The RKNN model can run directly on the RK3568 platform. There are
demos under "rknpu2_1.3.0/examples". Refer to the "README.md" to
compile Android or Linux Demo (Need cross-compile environment). You
can also just download compiled

demo

.

First prepare the runtime environment for AIO-3568J :

Android

   adb root && adb remount
   adb push rknpu2_1.3.0/runtime/RK356X/Android/librknn_api/arm64-v8a/* /vendor/lib64
   adb push rknpu2_1.3.0/runtime/RK356X/Android/librknn_api/arm64-v8a/* /vendor/lib

Linux

   adb push rknpu2_1.3.0/runtime/RK356X/Linux/librknn_api/aarch64/* /usr/lib

Push demo to AIO-3568J and run:

   :/ # cd /data/rknn_ssd_demo_Android/    (use rknn_ssd_demo_Linux in Linux System)
   :/data/rknn_ssd_demo_Android # chmod 777 rknn_ssd_demo
   :/data/rknn_ssd_demo_Android # export LD_LIBRARY_PATH=./lib
   :/data/rknn_ssd_demo_Android # ./rknn_ssd_demo model/RK356X/ssd_inception_v2.rknn model/road.bmp (In linux it's bus.jpg)
   Loading model ...
   rknn_init ...
   model input num: 1, output num: 2
   input tensors:
     index=0, name=Preprocessor/sub:0, n_dims=4, dims=[1, 300, 300, 3], n_elems=270000, size=270000, fmt=NHWC, type=UINT8, qnt_type=AFFINE, zp=0, scale=0.007812
   output tensors:
     index=0, name=concat:0, n_dims=4, dims=[1, 1917, 1, 4], n_elems=7668, size=30672, fmt=NHWC, type=FP32, qnt_type=AFFINE, zp=53, scale=0.089455
     index=1, name=concat_1:0, n_dims=4, dims=[1, 1917, 91, 1], n_elems=174447, size=697788, fmt=NHWC, type=FP32, qnt_type=AFFINE, zp=53, scale=0.143593
   rknn_run
   loadLabelName
   ssd - loadLabelName ./model/coco_labels_list.txt
   loadBoxPriors
   person @ (13 125 59 212) 0.984696
   person @ (110 119 152 197) 0.969119
   bicycle @ (171 165 278 234) 0.969119
   person @ (206 113 256 216) 0.964519
   car @ (146 133 216 170) 0.959264
   person @ (49 133 58 156) 0.606060
   person @ (83 134 92 158) 0.606060
   person @ (96 135 106 162) 0.464163

RKNN-Toolkit-lite2

The demo mentioned above is using C/C++ program to deploy models. This
requires developers to be familiar with RKNN API to customize.

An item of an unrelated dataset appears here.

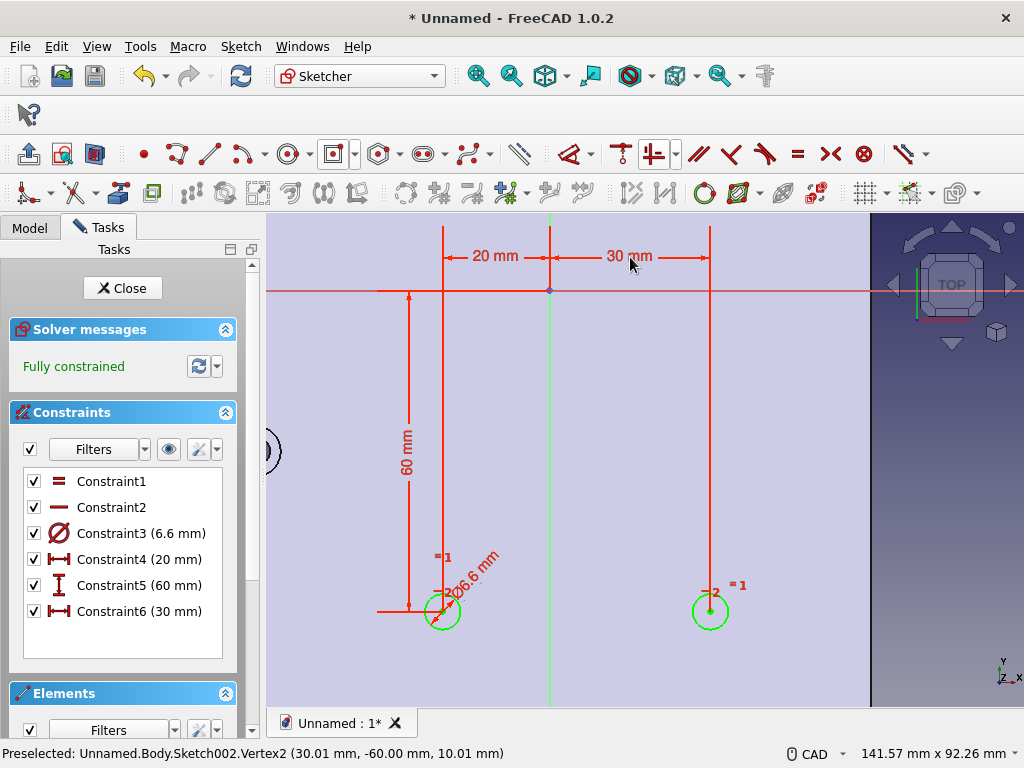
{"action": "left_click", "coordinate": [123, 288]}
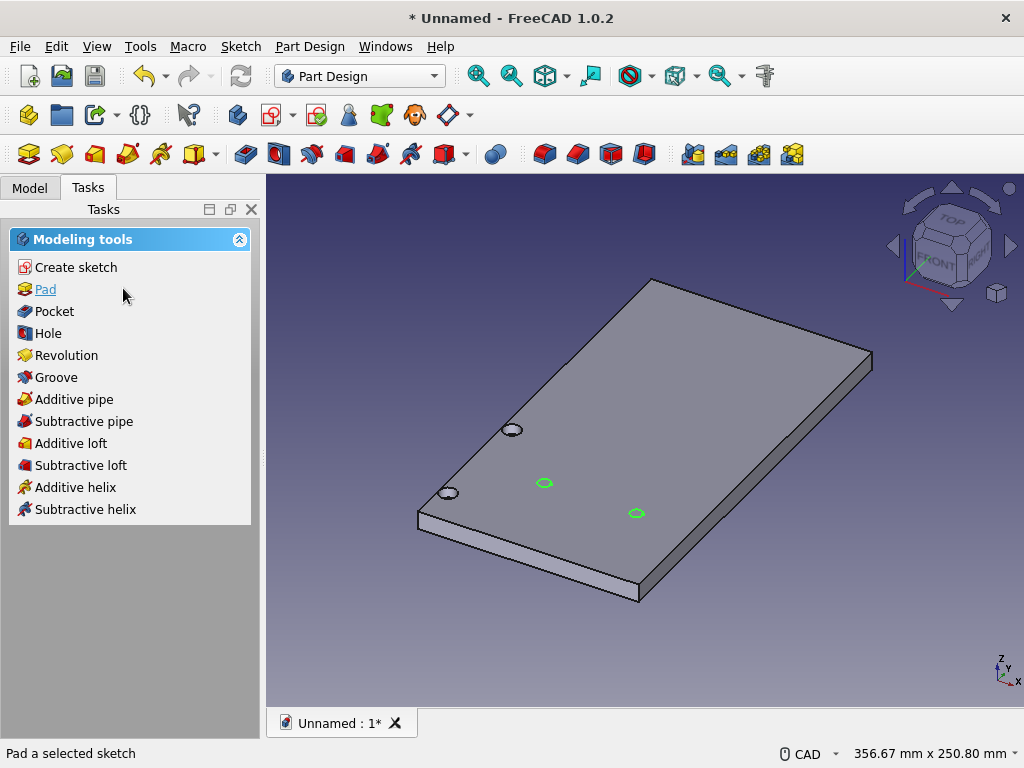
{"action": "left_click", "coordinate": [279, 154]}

Toolkit-lite2 with python can simplify the deployment and operation of
the model, making it easy for developers to get started quickly, and
it is highly recommended.

Toolkit-lite2 can only be used to deploy models on arm64 platform, NOT
to transfer models. For Non-RKNN models, use the PC tools mentioned
later

Environment Dependence

System dependency: Toolkit-lite2 needs to work on Debian 10/11
(aarch64)，<font color=red>This tool can only be installed on RK3568
Debian, Ubuntu is not supported yet</font>

Python version: 3.7/3.9

Python library:

   numpy
   ruamel.yaml
   psutils

Toolkit-lite2 installation

   # 1）Install Python3.7/3.9 and pip3
   sudo apt-get install python3 python3-dev python3-pip gcc
   # 2）Install dependent libraries
   sudo apt-get install -y python3-opencv
   sudo apt-get install -y python3-numpy
   # PS: Toolkit-lite2 itself does not rely on opencv-python, but demo does. If you don't need image processing, you can choose not to install it.
   # 3）Install Toolkit-lite2
   # Debian10 ARM64 with python3.7
   pip3 install rknn_toolkit_lite2-1.2.0-cp37-cp37m-linux_aarch64.whl
   # Debian11 ARM64 with python3.9
   pip3 install rknn_toolkit_lite2-1.2.0-cp39-cp39m-linux_aarch64.whl

Running Demo

First prepare the runtime environment, put libraries in RK3568
platform. Methods mentioned above, not repeat here.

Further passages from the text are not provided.